■ PROBLEM DETAILS ■
Your answer must be an exact copy of the records below, minus the pictures.

■ MATERIALS PROVIDED ■
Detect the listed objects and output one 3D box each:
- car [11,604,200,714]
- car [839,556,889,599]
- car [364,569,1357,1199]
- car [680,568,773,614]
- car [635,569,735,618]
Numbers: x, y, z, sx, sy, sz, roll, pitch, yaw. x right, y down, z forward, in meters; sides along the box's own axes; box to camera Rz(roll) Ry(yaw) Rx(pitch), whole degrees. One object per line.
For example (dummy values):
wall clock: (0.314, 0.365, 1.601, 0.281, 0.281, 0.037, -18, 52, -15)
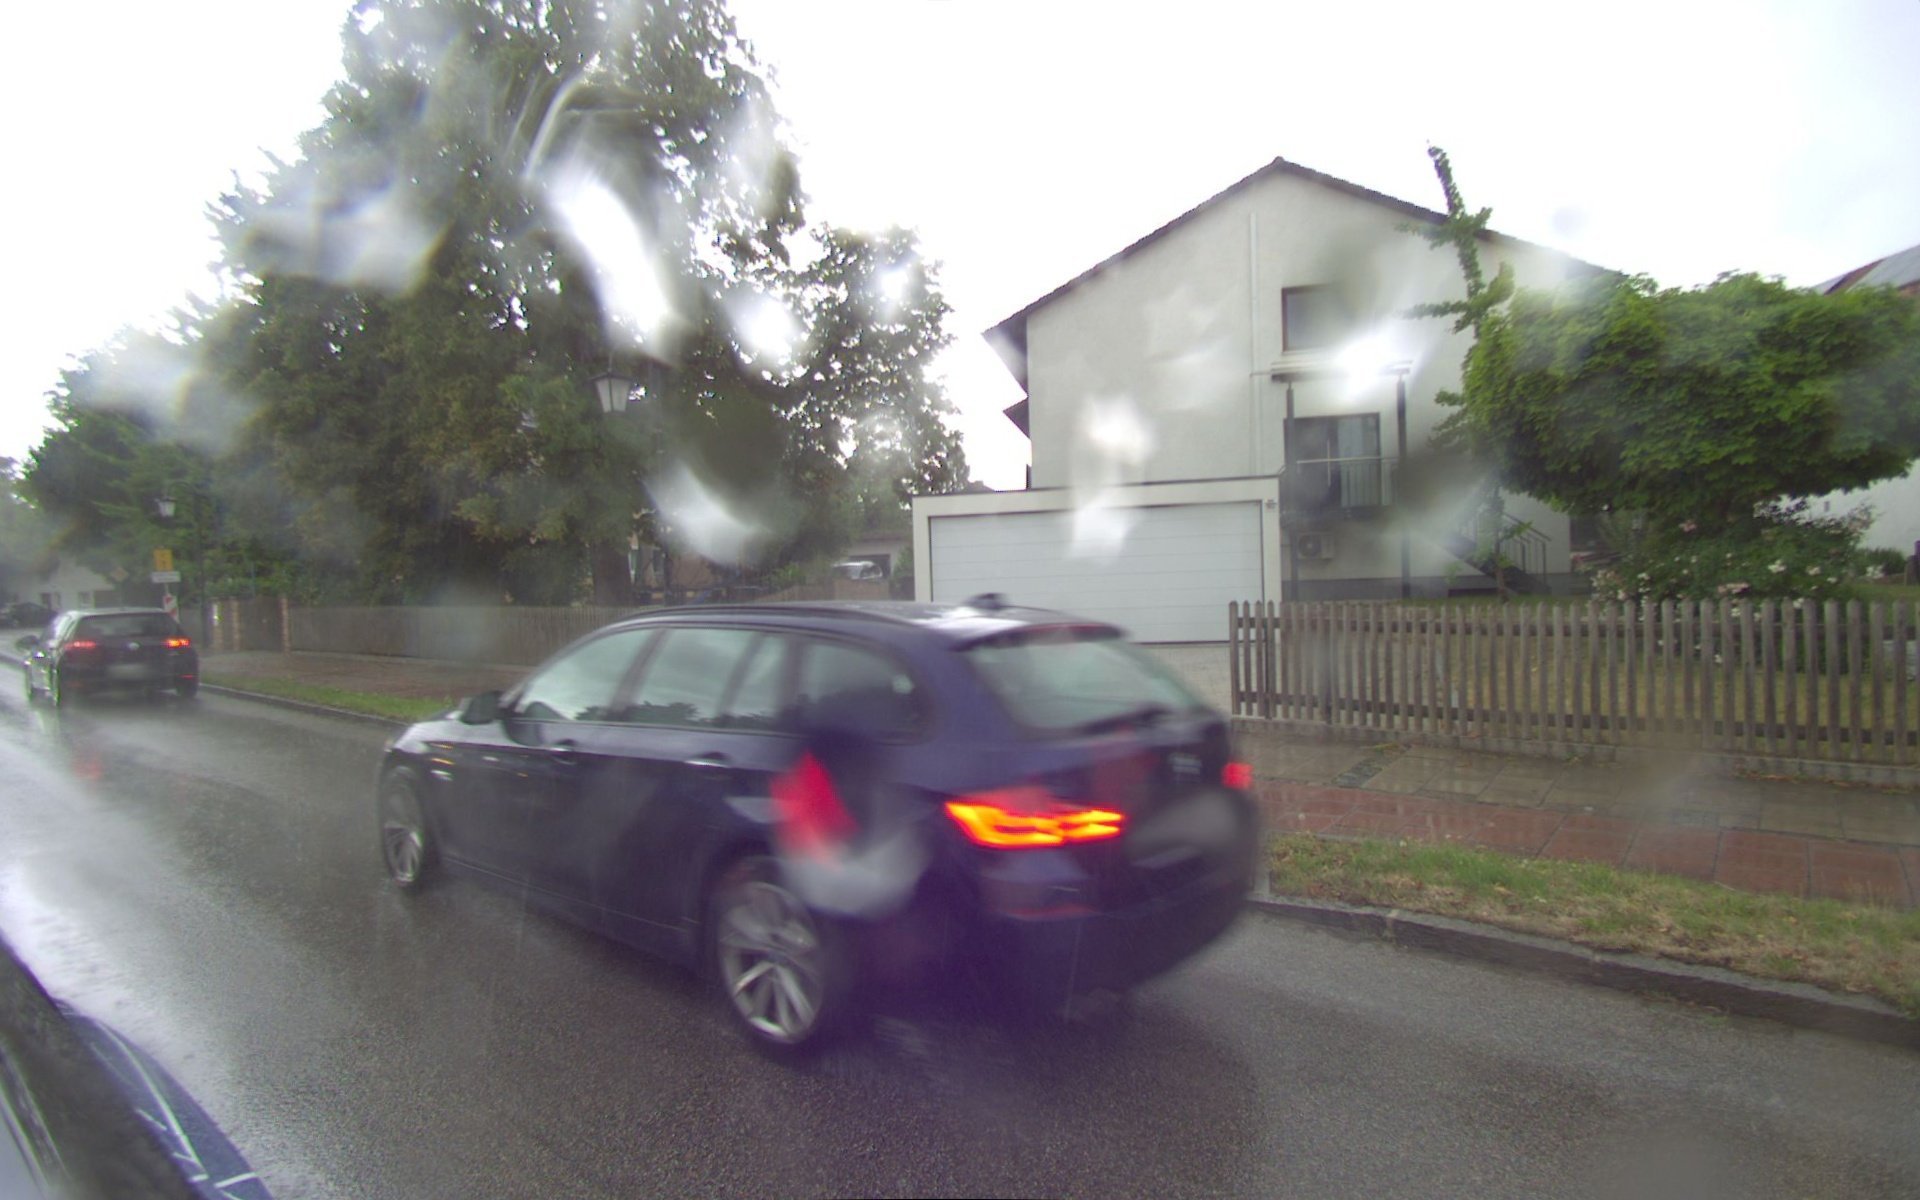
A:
car: (-13.684, 0.852, 16.127, 3.998, 1.476, 1.691, -1, 1, 41)
car: (-5.338, -1.232, 56.877, 1.767, 2.311, 3.838, -1, 0, 11)
car: (-0.791, 0.678, 4.427, 4.371, 1.476, 1.762, -1, 1, 40)
car: (-10.603, -0.443, 46.028, 3.613, 1.815, 1.839, -3, 2, 7)
car: (-11.694, -0.287, 43.209, 3.613, 1.815, 1.839, -3, 2, 7)

■ EXERCISE RESPONSE ■
Detect the listed objects and output one 3D box each:
- car [11,604,200,714]
- car [839,556,889,599]
- car [364,569,1357,1199]
- car [680,568,773,614]
- car [635,569,735,618]
Numbers: x, y, z, sx, sy, sz, roll, pitch, yaw. x right, y down, z forward, in meters; sides along the box's own axes; box to camera Rz(roll) Ry(yaw) Rx(pitch), whole degrees. One object per line.
For example (dummy values):
wall clock: (0.314, 0.365, 1.601, 0.281, 0.281, 0.037, -18, 52, -15)
A:
car: (-13.684, 0.852, 16.127, 3.998, 1.476, 1.691, -1, 1, 41)
car: (-5.338, -1.232, 56.877, 1.767, 2.311, 3.838, -1, 0, 11)
car: (-0.791, 0.678, 4.427, 4.371, 1.476, 1.762, -1, 1, 40)
car: (-10.603, -0.443, 46.028, 3.613, 1.815, 1.839, -3, 2, 7)
car: (-11.694, -0.287, 43.209, 3.613, 1.815, 1.839, -3, 2, 7)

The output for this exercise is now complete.